Latgale locals worried over storage of radioactive waste near Lithuanian border

Take note – story published 4 years ago

Latgale locals are worried about a plan to set up a storage facility of radioactive waste on the Lithuanian side of the border, just 30 kilometers away from Daugavpils, Latvia's second city. The facility is to store waste from the Ignalina Nuclear Power Plant, which was closed ten years ago with the matter of storing waste still unsolved. Local residents and leaders have been sounding the alarm. 

The Ignalina Nuclear Power Plant was opened 1983. Using reactors similar to that of Chernobyl, it was closed just 25 years later, in 2009, as Lithuania had joined the EU with the condition that it would be.

It is to be fully dismantled by 2038, and this March a tender was opened for creating a storage facility right on the border between Latvia and Lithuania. 

This is worrisome news for the locals of Demenes parish, which borders Lithuania and is within viewing distance of the plant's chimneys. 

"Of course we're against it. Why do we need that? There'll be radiation," a local told Latvian Radio.

"The children are ailing. People are dying like flies from the radiation. Let them take their radiation away from our borderland," another local said. 

Local leaders likewise oppose setting up the waste storage facility right on the border, such as Aleksandrs Aizbalts, a high-ranking official at the Daugavpils Municipal Council. "What could our position be? Of course we view it in negative terms," he said.

Meanwhile Daugavpils mayor Andrejs Elksniņš called for discussing the matter on a government level in order to prevent the creation of a waste facility such as this so close to the Latvian border. He said two letter have been sent to the responsible ministry.

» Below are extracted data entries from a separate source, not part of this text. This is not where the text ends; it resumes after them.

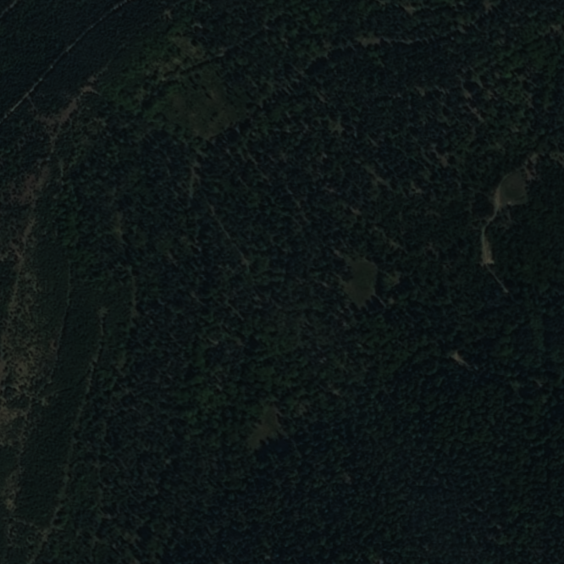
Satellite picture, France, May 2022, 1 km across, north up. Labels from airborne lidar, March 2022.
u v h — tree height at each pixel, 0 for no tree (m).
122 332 6
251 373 26
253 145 31
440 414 31
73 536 7
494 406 31
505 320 31
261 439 0
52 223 6
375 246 8
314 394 19
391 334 31
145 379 36
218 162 38
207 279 32
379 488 33
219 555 28
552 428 40
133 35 9
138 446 27
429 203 30
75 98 8
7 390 8
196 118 0
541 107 29
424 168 23
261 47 27
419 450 28
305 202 26
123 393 29
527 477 37
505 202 0
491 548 34
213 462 28
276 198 10
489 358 28
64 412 10
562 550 24
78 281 7
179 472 32
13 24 9
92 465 8
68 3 9
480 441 29
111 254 28
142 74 7
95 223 31
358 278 0
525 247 8
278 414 0
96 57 13
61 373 10
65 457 6
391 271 30
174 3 10
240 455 23
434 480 29
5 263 7
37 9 9
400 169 25
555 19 23
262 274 7
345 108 31
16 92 10
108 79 9
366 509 32
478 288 7
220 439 29
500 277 9
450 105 26
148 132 11
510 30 24
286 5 24
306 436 32
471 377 27
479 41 23
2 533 6
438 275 7
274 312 26
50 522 7
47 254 8
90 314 11
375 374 28
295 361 32
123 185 28
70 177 8
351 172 24
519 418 29
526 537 28
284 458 34
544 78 28
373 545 28
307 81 11
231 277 13
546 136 20
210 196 31
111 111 29
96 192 21
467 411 29
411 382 29
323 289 27
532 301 36
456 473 26
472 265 6
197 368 30
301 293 29
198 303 30
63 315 8
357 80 24
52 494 10
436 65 22
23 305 7
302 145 24
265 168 32
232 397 27
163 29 8
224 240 24
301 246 25
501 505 31
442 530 29
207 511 10
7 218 6
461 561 28
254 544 28
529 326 17
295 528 29
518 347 24
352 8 21
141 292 8
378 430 32
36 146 10
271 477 32
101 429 7
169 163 21
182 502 35
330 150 26
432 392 35
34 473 7
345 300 33
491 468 30
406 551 31
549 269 9
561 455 31
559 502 29
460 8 23
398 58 22
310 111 25
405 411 23
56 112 9
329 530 30
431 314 35
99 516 22
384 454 22
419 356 31
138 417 29
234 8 13
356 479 33
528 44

"All of us oppose setting up such a facility in the vicinity of 25 to 30 kilometers away from the city. We've sent letters to the Environment Ministry and the Interior Ministry so that Latvia's position is clear and unswerving when it comes to international relations," said Elksniņš. 

Lithuania plans to set up the storage facility within four to five years. It would safeguard radioactive material of low- to middle activity. Viktor Ognerubov, the project manager of the planned storage space, told Latvian Radio all the necessary precautions would be taken when building the facility.

"For the most part the waste is metallic, and there is the cemented radioactive waste from when the power plant was active. This used fuel is stored in cemented 200-liter barrels, which in turn are stored inside special containers, also covered in cement. The final construction is these radioactive waste containers made of metal and concrete," said Ognerubov. 

It is planned to cover these containers with a two-meter layer of clay as well as three meters of soil, sand and stone. 

While properly stored waste is safer than an operational plant, experts say this is still not a good thing.

"Any potentially dangerous object, stored close to the border, is not a good thing. The Lithuanian government has acted as it sees fit. As concerns potential threat, it mostly remains on an emotional level. The construction will doubtless be supervised by the European Commission," said Juris Soms, an associated professor at Daugavpils University. 

About 100,000 cubic meters of radioactive waste from the Ignalina plant are to be stored within the facility. The cost is covered by the EU, and just the first stage of the project is to set it back about €50 million.